In a nutshell, from 6 April 2017 the responsibility for IR35 will shift from the intermediary or PSC to the public sector body or agency that pays the contractor’s limited company. This means the responsibility for assessing eligibility and deducting any resulting tax from payments made to the limited company will be transferred.

The government also intends to remove the 5% administrative expense allowance for PSCs.

The main concern with the proposed changes is that public sector clients could pay all of their contractors as employees in order to avoid any penalties for non-compliance. This would result in contractors being taxed as employees, but with potentially limited employment rights, such as holidays, statutory rights or a pension.

The only consolation is that private sector contractors will not be effected.

HMRC is developing a digital tool to help public sector bodies and their agencies to assess the PSCs that they engage with, to check if IR35 applies.
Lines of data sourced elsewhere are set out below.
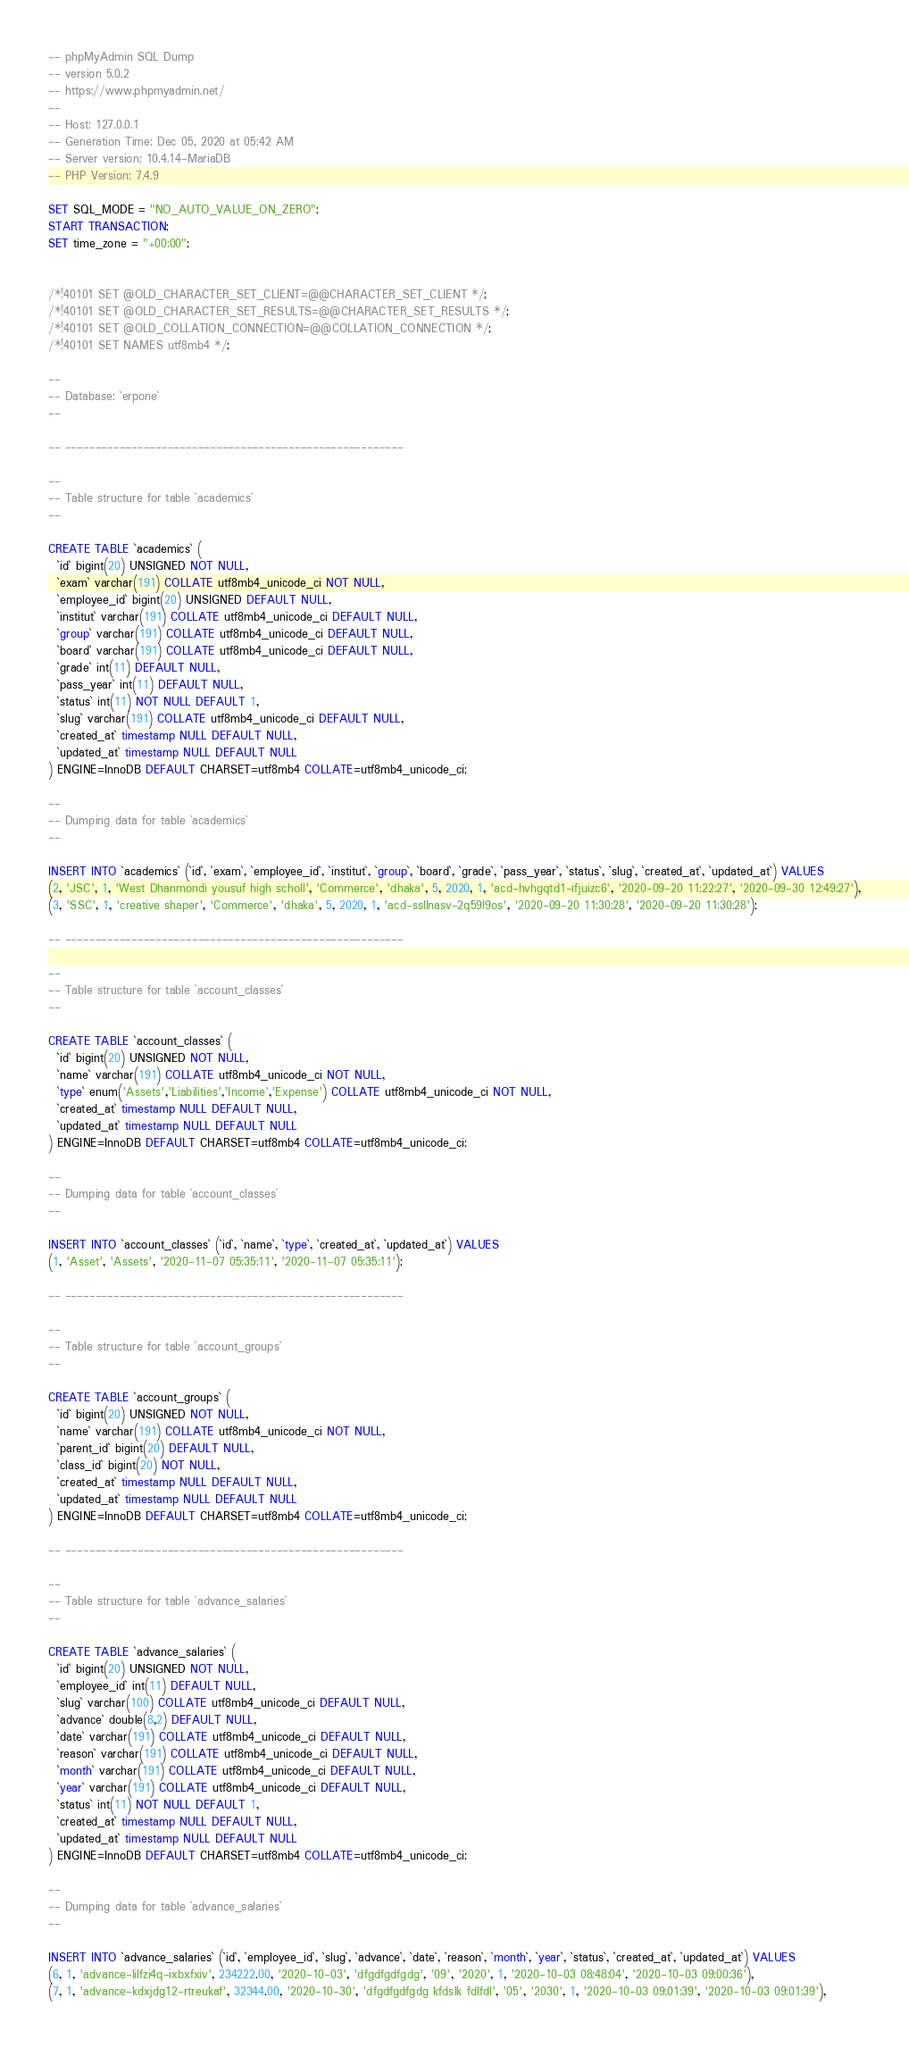Convert code to text. <code><loc_0><loc_0><loc_500><loc_500><_SQL_>-- phpMyAdmin SQL Dump
-- version 5.0.2
-- https://www.phpmyadmin.net/
--
-- Host: 127.0.0.1
-- Generation Time: Dec 05, 2020 at 05:42 AM
-- Server version: 10.4.14-MariaDB
-- PHP Version: 7.4.9

SET SQL_MODE = "NO_AUTO_VALUE_ON_ZERO";
START TRANSACTION;
SET time_zone = "+00:00";


/*!40101 SET @OLD_CHARACTER_SET_CLIENT=@@CHARACTER_SET_CLIENT */;
/*!40101 SET @OLD_CHARACTER_SET_RESULTS=@@CHARACTER_SET_RESULTS */;
/*!40101 SET @OLD_COLLATION_CONNECTION=@@COLLATION_CONNECTION */;
/*!40101 SET NAMES utf8mb4 */;

--
-- Database: `erpone`
--

-- --------------------------------------------------------

--
-- Table structure for table `academics`
--

CREATE TABLE `academics` (
  `id` bigint(20) UNSIGNED NOT NULL,
  `exam` varchar(191) COLLATE utf8mb4_unicode_ci NOT NULL,
  `employee_id` bigint(20) UNSIGNED DEFAULT NULL,
  `institut` varchar(191) COLLATE utf8mb4_unicode_ci DEFAULT NULL,
  `group` varchar(191) COLLATE utf8mb4_unicode_ci DEFAULT NULL,
  `board` varchar(191) COLLATE utf8mb4_unicode_ci DEFAULT NULL,
  `grade` int(11) DEFAULT NULL,
  `pass_year` int(11) DEFAULT NULL,
  `status` int(11) NOT NULL DEFAULT 1,
  `slug` varchar(191) COLLATE utf8mb4_unicode_ci DEFAULT NULL,
  `created_at` timestamp NULL DEFAULT NULL,
  `updated_at` timestamp NULL DEFAULT NULL
) ENGINE=InnoDB DEFAULT CHARSET=utf8mb4 COLLATE=utf8mb4_unicode_ci;

--
-- Dumping data for table `academics`
--

INSERT INTO `academics` (`id`, `exam`, `employee_id`, `institut`, `group`, `board`, `grade`, `pass_year`, `status`, `slug`, `created_at`, `updated_at`) VALUES
(2, 'JSC', 1, 'West Dhanmondi yousuf high scholl', 'Commerce', 'dhaka', 5, 2020, 1, 'acd-hvhgqtd1-ifjuizc6', '2020-09-20 11:22:27', '2020-09-30 12:49:27'),
(3, 'SSC', 1, 'creative shaper', 'Commerce', 'dhaka', 5, 2020, 1, 'acd-ssllnasv-2q59l9os', '2020-09-20 11:30:28', '2020-09-20 11:30:28');

-- --------------------------------------------------------

--
-- Table structure for table `account_classes`
--

CREATE TABLE `account_classes` (
  `id` bigint(20) UNSIGNED NOT NULL,
  `name` varchar(191) COLLATE utf8mb4_unicode_ci NOT NULL,
  `type` enum('Assets','Liabilities','Income','Expense') COLLATE utf8mb4_unicode_ci NOT NULL,
  `created_at` timestamp NULL DEFAULT NULL,
  `updated_at` timestamp NULL DEFAULT NULL
) ENGINE=InnoDB DEFAULT CHARSET=utf8mb4 COLLATE=utf8mb4_unicode_ci;

--
-- Dumping data for table `account_classes`
--

INSERT INTO `account_classes` (`id`, `name`, `type`, `created_at`, `updated_at`) VALUES
(1, 'Asset', 'Assets', '2020-11-07 05:35:11', '2020-11-07 05:35:11');

-- --------------------------------------------------------

--
-- Table structure for table `account_groups`
--

CREATE TABLE `account_groups` (
  `id` bigint(20) UNSIGNED NOT NULL,
  `name` varchar(191) COLLATE utf8mb4_unicode_ci NOT NULL,
  `parent_id` bigint(20) DEFAULT NULL,
  `class_id` bigint(20) NOT NULL,
  `created_at` timestamp NULL DEFAULT NULL,
  `updated_at` timestamp NULL DEFAULT NULL
) ENGINE=InnoDB DEFAULT CHARSET=utf8mb4 COLLATE=utf8mb4_unicode_ci;

-- --------------------------------------------------------

--
-- Table structure for table `advance_salaries`
--

CREATE TABLE `advance_salaries` (
  `id` bigint(20) UNSIGNED NOT NULL,
  `employee_id` int(11) DEFAULT NULL,
  `slug` varchar(100) COLLATE utf8mb4_unicode_ci DEFAULT NULL,
  `advance` double(8,2) DEFAULT NULL,
  `date` varchar(191) COLLATE utf8mb4_unicode_ci DEFAULT NULL,
  `reason` varchar(191) COLLATE utf8mb4_unicode_ci DEFAULT NULL,
  `month` varchar(191) COLLATE utf8mb4_unicode_ci DEFAULT NULL,
  `year` varchar(191) COLLATE utf8mb4_unicode_ci DEFAULT NULL,
  `status` int(11) NOT NULL DEFAULT 1,
  `created_at` timestamp NULL DEFAULT NULL,
  `updated_at` timestamp NULL DEFAULT NULL
) ENGINE=InnoDB DEFAULT CHARSET=utf8mb4 COLLATE=utf8mb4_unicode_ci;

--
-- Dumping data for table `advance_salaries`
--

INSERT INTO `advance_salaries` (`id`, `employee_id`, `slug`, `advance`, `date`, `reason`, `month`, `year`, `status`, `created_at`, `updated_at`) VALUES
(6, 1, 'advance-lilfzi4q-ixbxfxiv', 234222.00, '2020-10-03', 'dfgdfgdfgdg', '09', '2020', 1, '2020-10-03 08:48:04', '2020-10-03 09:00:36'),
(7, 1, 'advance-kdxjdg12-rtreukaf', 32344.00, '2020-10-30', 'dfgdfgdfgdg kfdslk fdlfdl', '05', '2030', 1, '2020-10-03 09:01:39', '2020-10-03 09:01:39'),</code>

If so, they are proposing that the public sector body or agency apply tax and national insurance deductions to the payments made to the PSC’s, reported to HMRC under Real Time Information (RTI) system.

The public sector body or agency will be also be responsible for paying the liabilities deducted to HMRC. A tax credit will be applied to the director/shareholder(s) for their personal tax liabilities, and as such, the guidance proposed states that the corporation tax liability of the PSC would remain unaffected.

As the proposed legislation is still under consultation, HMRC has yet to issue guidance on the detailed points of the new rules. More information will hopefully be forthcoming in the Finance Bill 2017.